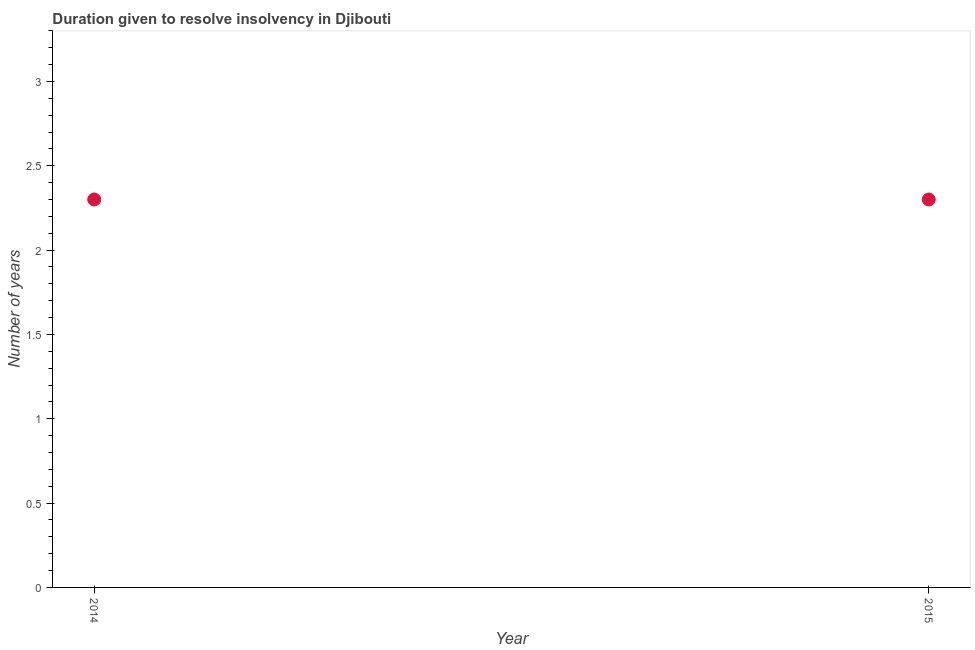In which year was the number of years to resolve insolvency maximum?
Your answer should be very brief. 2014. In which year was the number of years to resolve insolvency minimum?
Your response must be concise. 2014. What is the sum of the number of years to resolve insolvency?
Give a very brief answer. 4.6. What is the difference between the number of years to resolve insolvency in 2014 and 2015?
Keep it short and to the point. 0. What is the average number of years to resolve insolvency per year?
Make the answer very short. 2.3. In how many years, is the number of years to resolve insolvency greater than 0.9 ?
Ensure brevity in your answer.  2. Do a majority of the years between 2015 and 2014 (inclusive) have number of years to resolve insolvency greater than 0.1 ?
Keep it short and to the point. No. What is the ratio of the number of years to resolve insolvency in 2014 to that in 2015?
Offer a terse response. 1. In how many years, is the number of years to resolve insolvency greater than the average number of years to resolve insolvency taken over all years?
Provide a succinct answer. 0. Does the number of years to resolve insolvency monotonically increase over the years?
Your answer should be very brief. No. How many dotlines are there?
Offer a terse response. 1. Are the values on the major ticks of Y-axis written in scientific E-notation?
Provide a succinct answer. No. Does the graph contain grids?
Give a very brief answer. No. What is the title of the graph?
Make the answer very short. Duration given to resolve insolvency in Djibouti. What is the label or title of the Y-axis?
Provide a succinct answer. Number of years. What is the Number of years in 2014?
Make the answer very short. 2.3. What is the difference between the Number of years in 2014 and 2015?
Keep it short and to the point. 0. What is the ratio of the Number of years in 2014 to that in 2015?
Provide a succinct answer. 1.
__________________________________________________
→ Work instruction
Extract from the records above the lines from the one containing "Give a very brief answer. 4.6." to the one containing "insolvency per year?", both lines included, exactly as they appear and with nothing else.

→ Response
Give a very brief answer. 4.6. What is the difference between the number of years to resolve insolvency in 2014 and 2015?
Keep it short and to the point. 0. What is the average number of years to resolve insolvency per year?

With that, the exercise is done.